Podia enxergar com clareza agora. Estava em um quarto de pedra cujo foco central era uma cama grande de dossel, a coberta de veludo agora amarrotado. Havia cortinas de tapeçarias abertas e um tapete elegante no chão que, fora isso, era vazio. Aliás, o próprio quarto era um tanto quanto despido. Não havia quadros nas paredes, nenhum enfeite nas superfícies da mobília de madeira escura. Duas cadeiras, uma diante da outra, ficavam perto da cama, com uma pequena mesa de chá entre elas. Um biombo em um canto do quarto escondia o que provavelmente se tratava de uma banheira e um lavatório.

Robb fora disposto na cama, e duas figuras, uma masculina e a outra feminina, se inclinavam sobre ele, enquanto Sor Brynden, seu tio-avô, observava da cabaceira da cama, uma mão no pomo da espada e os olhos atentos como os de um gavião. A truta negra em sua armadura estava suja de sangue. As duas figuras se afastaram de Robb quando Cordyra entrou, então ela pôde vê-lo.

                Não era tão ruim quanto pensava a princípio. Apesar de ligeiramente pálido, Robb sentava-se na cama com a força do próprio corpo, e bebia de um copo com energia o suficiente. Os olhos se acenderam ligeiramente quando a viram. Cordyra, porém, acompanhou com o olhar os outros dois no quarto.

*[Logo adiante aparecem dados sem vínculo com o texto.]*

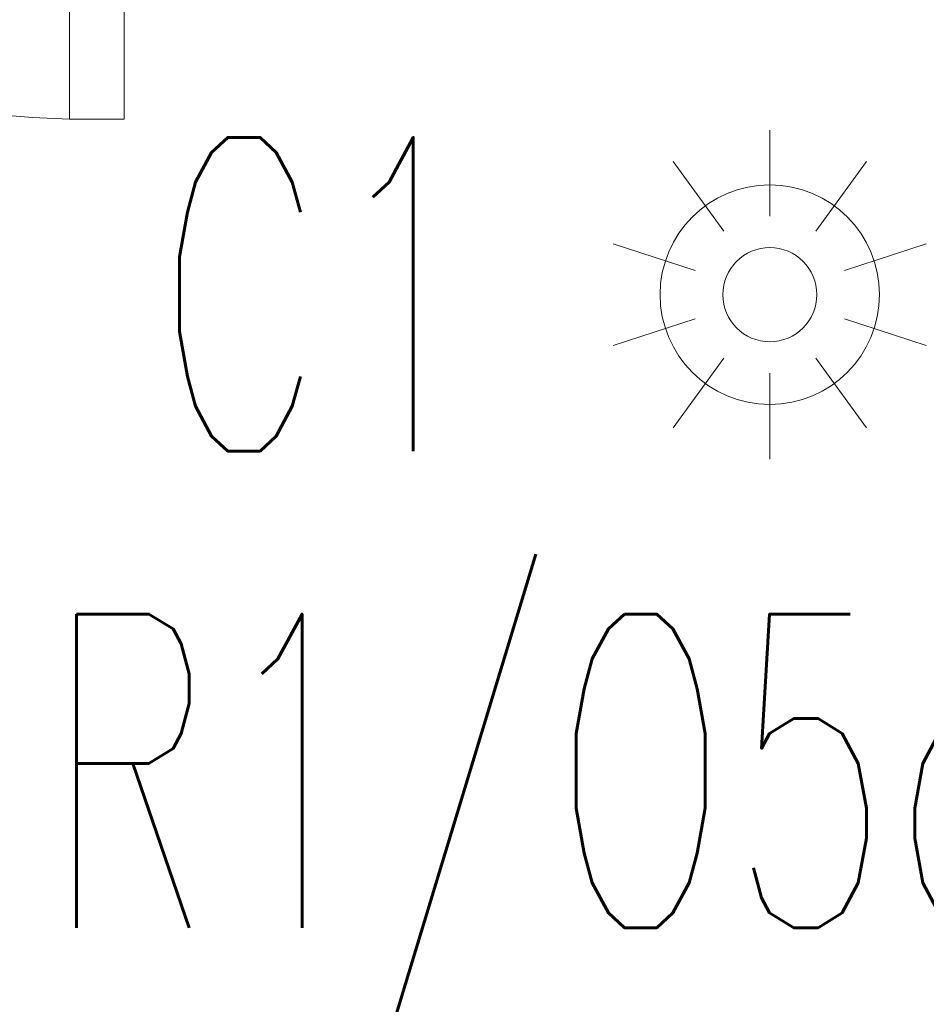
# Model space of a CAD drawing. Header units: millimetres. Extents: x -94648 to 68781, y -29623 to 11990.
# Tile 75 of 181: x -35151 to -35093, y -14249 to -14186. Entities that reach past the tile are written whole.
import ezdxf
from ezdxf.enums import TextEntityAlignment as Align

# ---------------------------------------------------------------- set-up
doc = ezdxf.new("R2010")
doc.units = ezdxf.units.MM
doc.layers.add('-podklad', color=8, linetype='Continuous')
for name, color, linetype, lineweight in [('A_POWTARZALNE$0$A21_DRZWI_OKNA', 153, 'Continuous', 15), ('IE_ATRYBUTY_ BLOCK_1', 7, 'Continuous', 18), ('IE_ATRYBUTY_ BLOCK_2', 7, 'Continuous', 18), ('IE_oswietlenie_laczniki', 2, 'Continuous', 20), ('IE_oswietlenie_nr_obw', 51, 'Continuous', 20)]:
    doc.layers.add(name, color=color, linetype=linetype, lineweight=lineweight)
doc.styles.add('ROMANS', font='romans.shx', dxfattribs={"width": 0.75, "height": 10})

# ---------------------------------------------------------------- blocks, each defined once
blk = doc.blocks.new('A_POWTARZALNE$0$drzwi 104 mur')
at = {"color": 8, "linetype": 'Continuous'}
for p, q in [((0.144, 47), (-93.79, 47)), ((-93.79, 43.5), (-93.79, 47)), ((0.144, 43.5), (-93.79, 43.5))]:
    blk.add_line(p, q, dxfattribs=at)
blk.add_arc((0.144, 47), 94, 182.13385, 270, dxfattribs=at)
blk = doc.blocks.new('Goscim_parter')
at = {"layer": 'A_POWTARZALNE$0$A21_DRZWI_OKNA', "color": 8, "xscale": -1, "rotation": 270.0000142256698}
blk.add_blockref('A_POWTARZALNE$0$drzwi 104 mur', (-35191.621, -14098.302), dxfattribs=at)
blk = doc.blocks.new('czujka PIR 360')
for p, q in [((0, 50), (0, 104.99)), ((-29.39, 40.45), (-61.71, 84.94)), ((29.39, 40.45), (61.71, 84.94)), ((-47.55, 15.45), (-99.85, 32.44)), ((47.55, 15.45), (99.85, 32.44)), ((-47.55, -15.45), (-99.85, -32.44)), ((47.55, -15.45), (99.85, -32.44)), ((-29.39, -40.45), (-61.71, -84.94)), ((29.39, -40.45), (61.71, -84.94)), ((0, -50), (0, -104.99))]:
    blk.add_line(p, q)
for radius in [70, 30]:
    blk.add_circle((0, 0), radius)
at = {"layer": 'IE_ATRYBUTY_ BLOCK_1', "style": 'ROMANS', "width": 0.6}
blk.add_attdef('TYP', text='', height=200, dxfattribs=at).set_placement((0, 124.99), align=Align.CENTER)
at = {"layer": 'IE_ATRYBUTY_ BLOCK_2', "style": 'ROMANS', "width": 0.6, "flags": 8}
blk.add_attdef('X1', text='', height=150, dxfattribs=at).set_placement((119.85, 0), align=Align.MIDDLE_LEFT)
at = {"layer": 'IE_ATRYBUTY_ BLOCK_2', "style": 'ROMANS', "width": 0.6}
for tag, p in [('OPIS1', (0, -274.99)), ('OPIS2', (0, -460.05))]:
    blk.add_attdef(tag, text='', height=150, dxfattribs=at).set_placement(p, align=Align.CENTER)

msp = doc.modelspace()

# ---------------------------------------------------------------- block references
at = {"layer": '-podklad'}
msp.add_blockref('Goscim_parter', (0, 0), dxfattribs=at)
at = {"layer": 'IE_oswietlenie_laczniki'}
ref = msp.add_blockref('czujka PIR 360', (-35103.43213, -14203.28164), dxfattribs=dict(at, xscale=0.1, yscale=0.1, zscale=0.1))
ref.add_attrib('TYP', 'C1', dxfattribs={"layer": 'IE_ATRYBUTY_ BLOCK_1', "height": 20, "style": 'ROMANS', "width": 0.6}).set_placement((-35132.09833, -14213.25759), align=Align.CENTER)

# ---------------------------------------------------------------- texts
at = {"layer": 'IE_oswietlenie_nr_obw', "style": 'ROMANS', "width": 0.6}
msp.add_text('R1/O5a', height=20, dxfattribs=at).set_placement((-35149.7278, -14243.6464))

doc.saveas('drawing.dxf')

                Havia uma menina mais ou menos de sua idade, com cabelos castanhos faziam caracóis nas pontas, e olhos da mesma cor. Tinha um sorriso doce, e suas mãos carregavam as bandagens sujas de sangue. Sangue de Robb, Cordyra percebeu com o estômago se revirando. O menino era mais novo, talvez da idade de Bran, e se parecia tanto com a menina quanto Bran se parecia com Robb. Norte se colocou no espaço entre Robb e a menina quando Cordyra se aproximou, e Vento Cinzento, que normalmente teria ido ao seu encontro, apenas cheirou o lado na sua direção, se recusando a sair de junto do rei.

                Ela se aproximou da cama, observando. Bandagens e algodão cobriam o peito de Robb, limpas. Ela pensou que devia ser um bom sinal.

—O que houve, afinal, Vossa Graça? –Perguntou. Sabia que Robb era um bom espadachim, e nunca fora ferido em batalha até aquele momento.

                Sor Brynden pigarreou com irritação, mas Robb o lançou um olhar.

—Olyvar insistiu em participar da batalha. –Ele contou. –Não vi porque não, mas parece ter sido cedo.

                Cordyra pensou com carinho no garotinho que seguia Robb pelo acampamento como se o rei fosse o sol nascente.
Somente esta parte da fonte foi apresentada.